The Former Pharisee, the Apostle Paul, the Theologian of Separation

"Pharisee" means "separatist."  BDAG, the foremost lexicon of the Greek New Testament, says right at the beginning of the definition:
The Semitic words mean ‘the separated ones, separatists'.
The Pharisees were separatists.  Paul had been a Pharisee.  Upon conversion, Paul was no longer a Pharisee.  He left Pharisaism.  So does that mean he wasn't a separatist?  Wrong.  After he was saved, Paul still taught separation.  He could rightly be called the theologian of separation, the face of scriptural separation.

The modern evangelical calls separation Pharisaism and separatists, Pharisees.  When Paul gave up Pharisaism, he didn't give up separation.  One could say he doubled down on actual separation, godly separation, because no one represents it more in the New Testament than the Apostle Paul.

Separation isn't Pharisaical. No, separation is scriptural.  Pharisaism is what is unscriptural.  "Pharisee" means "separation" and the lineage or legacy that led to Pharisees was legitimate.  If we went back into the history, there was good reason to participate in separation.

The legitimate forefathers of the Pharisees were the separatists from Greek culture, when Antiochus Epiphanes offered the pig on the altar of the temple.  They led the Maccabean revolt, which is was a legitimate expression of disgust with impurity.  Daniel represents this by separating himself from the sinful aspects of Babylonian culture, despite living in the midst of it.  By the time, we get to Christ, the Pharisees were a mere caricature of that group of separatists.
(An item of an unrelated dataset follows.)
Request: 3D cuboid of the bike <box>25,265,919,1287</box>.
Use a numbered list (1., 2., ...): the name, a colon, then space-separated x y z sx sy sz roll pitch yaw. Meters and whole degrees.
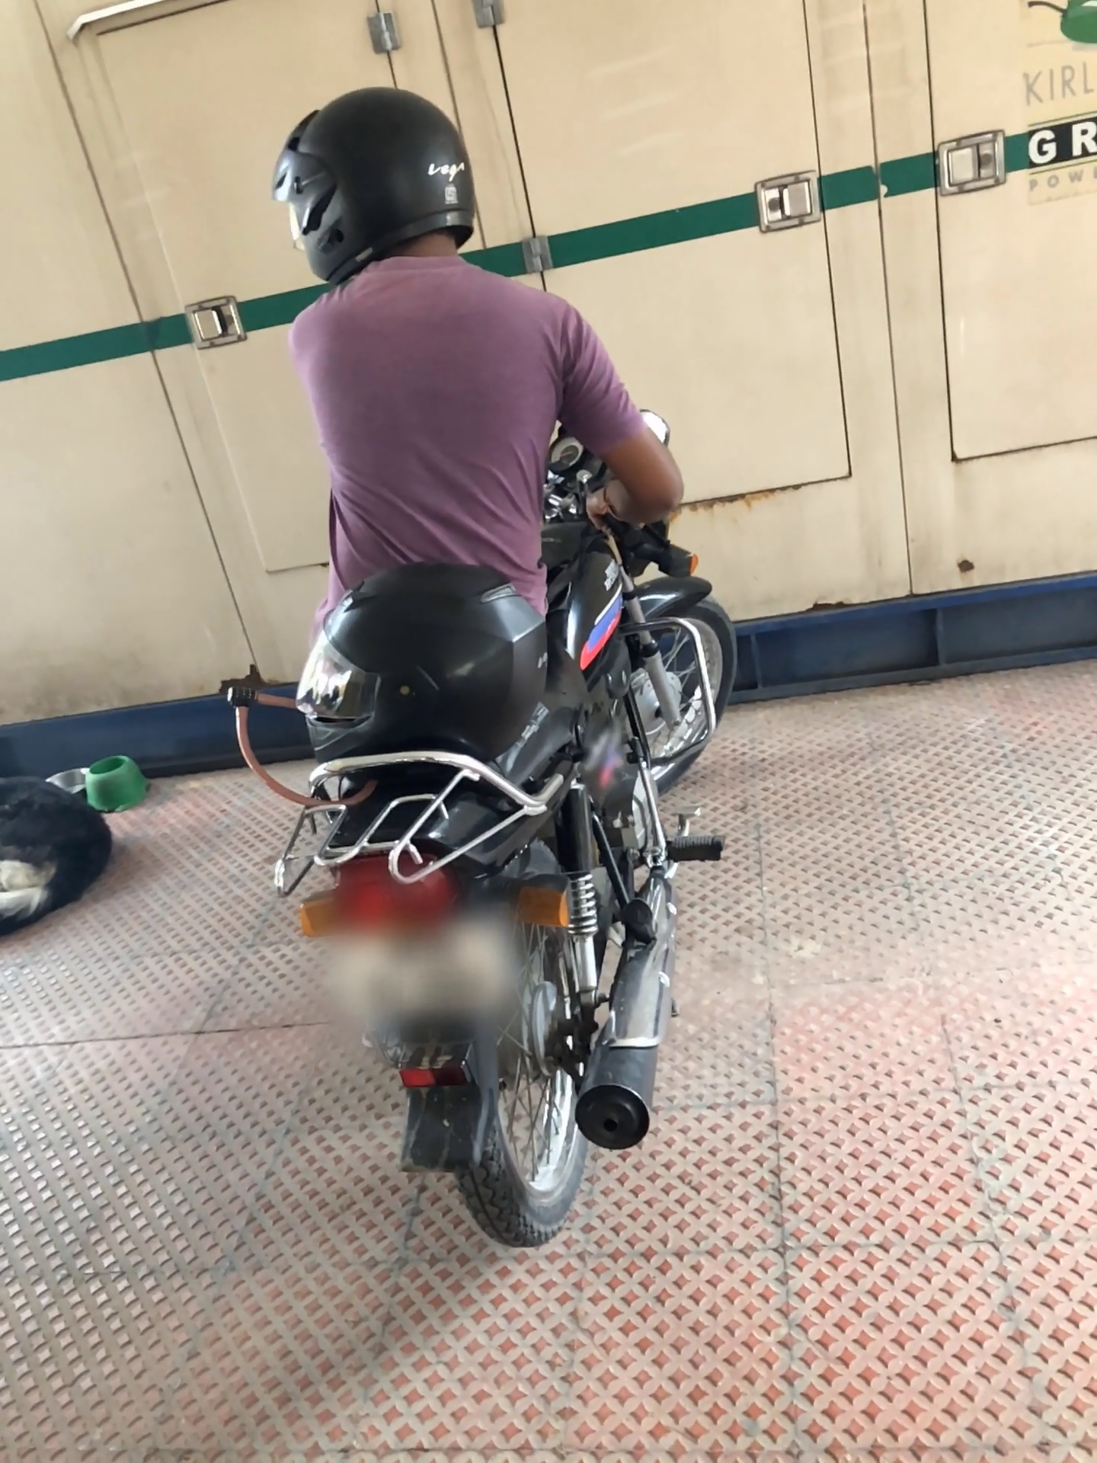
1. bike: 0.146 -0.079 2.062 0.815 0.927 1.601 -3 29 19

The Apostle Paul didn't give up separation.  He gave up the self-righteous separation of the Pharisees.  They separated to show others how much better they were than others, comparing themselves with men (see this post).  What set the Pharisees apart was not biblical practice, but traditions that were not required by scripture.  They were showy traditions that emphasized the easiest ways to manifest a faux righteous behavior.  They weren't even obeying scripture.

In recent days, and this isn't unusual, I was called a Pharisee by someone, and it included the label, whitened sepulcher, a designation Jesus used for the Pharisees.  From what I could gather, I was being called these things for three main reasons:  one, the standards I hold, two, the practice of separation to which I adhere, and three, my lack of sinless perfection.  None of those three made a Pharisee to be a Pharisee in the pejorative use of the term.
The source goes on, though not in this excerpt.